Il canto a Maria si accese fin dai primordi nelle sobrie testi­monianze dei Padri più vicini agli Apostoli, sulle grezze pareti delle Catacombe, nei primi accenti della liturgia. Ma non si può ne­gare che la crisi nestoriana tra il IV e V secolo e la sua soluzione nel Concilio Efesino, suscitarono una primavera mariana, che pro­rompe dalle strofe alate di Efrem Siro, si espande nelle calde medi­tazioni e discussioni del V e del VI secolo e si ripercuoterà fino a tutto il Medioevo risolvendosi in Teologia, liturgia e arte meravi­gliosa. Si pensi a S. Bernardo, a Jacopone, a Dante, al B. Angelico.

La vigorosa ripresa dei tempi nostri trova la sua spiegazione in due atti solenni del Magistero della Chiesa, accompagnati dai due prodigi di Lourdes e di Fatima: la definizione dommatica dell'Im­macolata Concezione con la Bolla Ineffabilis di Pio IX e la definizione dommatica dell'Assunzione con la Costituzione Apostolica Munifi-centissimus di Pio XII.

Tutto questo movimento di pensiero e di sentimento trova la sua spontanea espressione in una frase che oggi risuona spesso: «È l’ora di Maria». Ma lo spirito universalistico e comunitario del secolo nostro ha suggerito la fondazione di un'Accademia Internazionale Mariana, destinata ad approfondire, tutelare e disciplinare la Mariologia nelle sue ricchezze teologiche e nelle sue manifestazioni liturgiche.

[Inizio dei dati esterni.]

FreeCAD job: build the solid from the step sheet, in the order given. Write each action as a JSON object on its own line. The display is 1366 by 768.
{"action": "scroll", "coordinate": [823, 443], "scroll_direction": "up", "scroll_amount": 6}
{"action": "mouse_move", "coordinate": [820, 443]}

Si deve all'Ordine Francescano e in particolare all'anima ardente e adamantina di P. Balic (in cui c'è qualche cosa della tenacia dalmata di S. Girolamo) se questa Accademia è sorta ed è stata coronata dall'au­gusta approvazione del Sommo Pontefice, Giovanni XXIII, che l'ha affidata all'alta protezione dell'E.mo Card. Ottaviani, Segretario del S. Uffizio.

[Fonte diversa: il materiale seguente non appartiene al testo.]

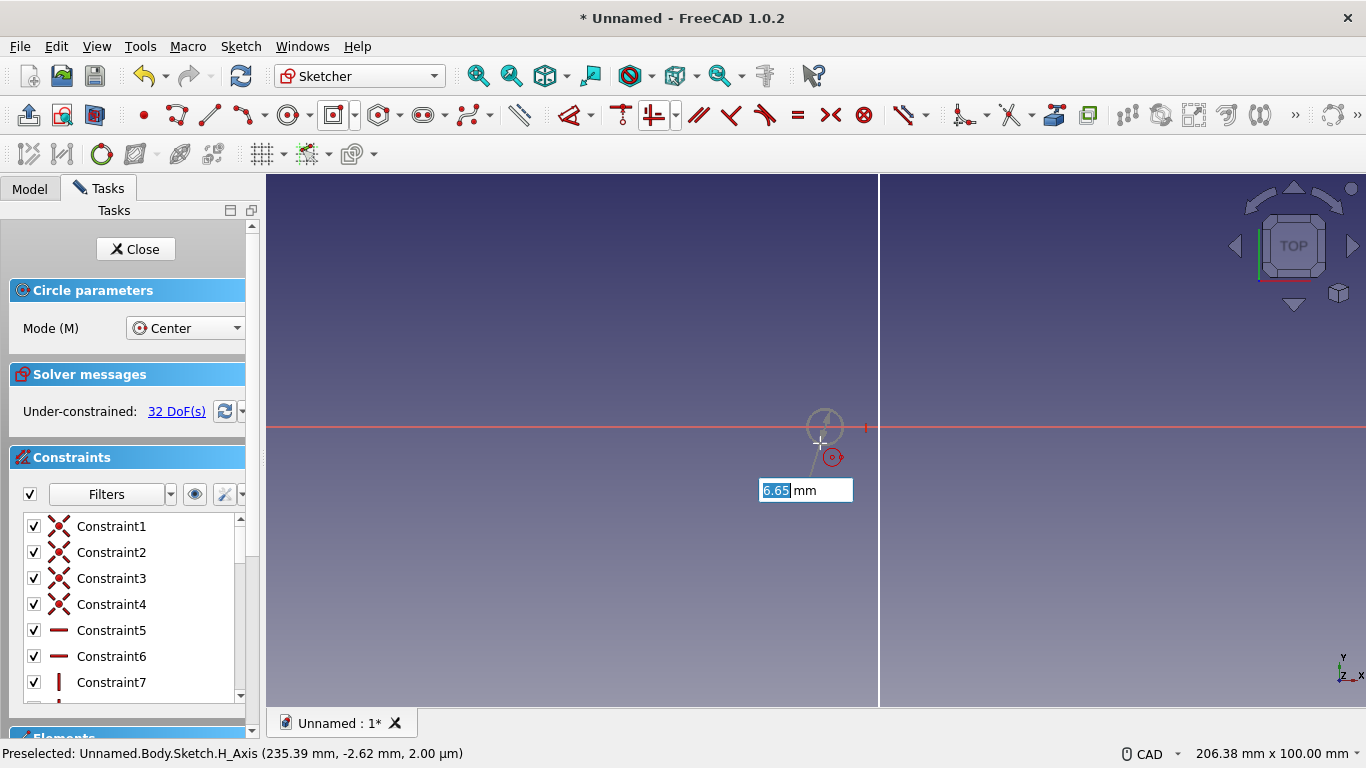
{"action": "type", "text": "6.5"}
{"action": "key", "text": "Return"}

L'Accademia, che accoglie spiriti eletti da ogni paese del mondo, è erede di un immenso patrimonio accumulato dalla riflessione teo­logica di venti secoli, ma non è chiamata a vivere soltanto di ren­dita; essa ha il compito, come tutta la Teologia, di ripensare il patri­monio ereditato per una presa di possesso più cosciente e svilupparne le ricchezze per ulteriori conquiste. Nonostante l'immutabilità del domma, la Teologia cristiana non è ristagno, ma è crescita fe­conda alla luce del Magistero della Chiesa. La verità rivelata è una miniera inesauribile per la mente e per il cuore dell'uomo. L'Acca­demia Mariana ha dunque davanti a sé un immenso campo di lavoro per difendere, approfondire, sviluppare e valorizzare la Mariologia come scienza sacra e come fonte di sana pietà e di vita sopranna­turale. C'è anzitutto da sbarazzare il terreno di non pochi pregiudizi attecchiti fuori e dentro l'ambito del Cattolicismo. Si sa che milioni di fratelli separati, che pur si gloriano del segno di Cristo Reden­tore, rigettano il culto di Maria, riducendo la Madre di Dio al li­vello delle madri degli uomini. Uno dei motivi di dissidio tra Prote­stanti e Cattolici è proprio la diversa concezione di Maria e della sua missione. Ma il peggio è che alcuni Cattolici, anche Teologi, per il timore di accentuare la divisione tra noi e i fratelli separati, si adoperano a mutilare la Mariologia e a contenerla in confini ben ristretti. Si sono così determinate due correnti fra i Teologi: quella minimista, che attenua e depaupera, e, per reazione, quella massi­malista, che amplifica senza riserve.

Come sempre, la migliore è la via media, che va difesa e conso­lidata con sani argomenti teologici e più ancora con una vagliata documentazione storica, patristica ed esegetica.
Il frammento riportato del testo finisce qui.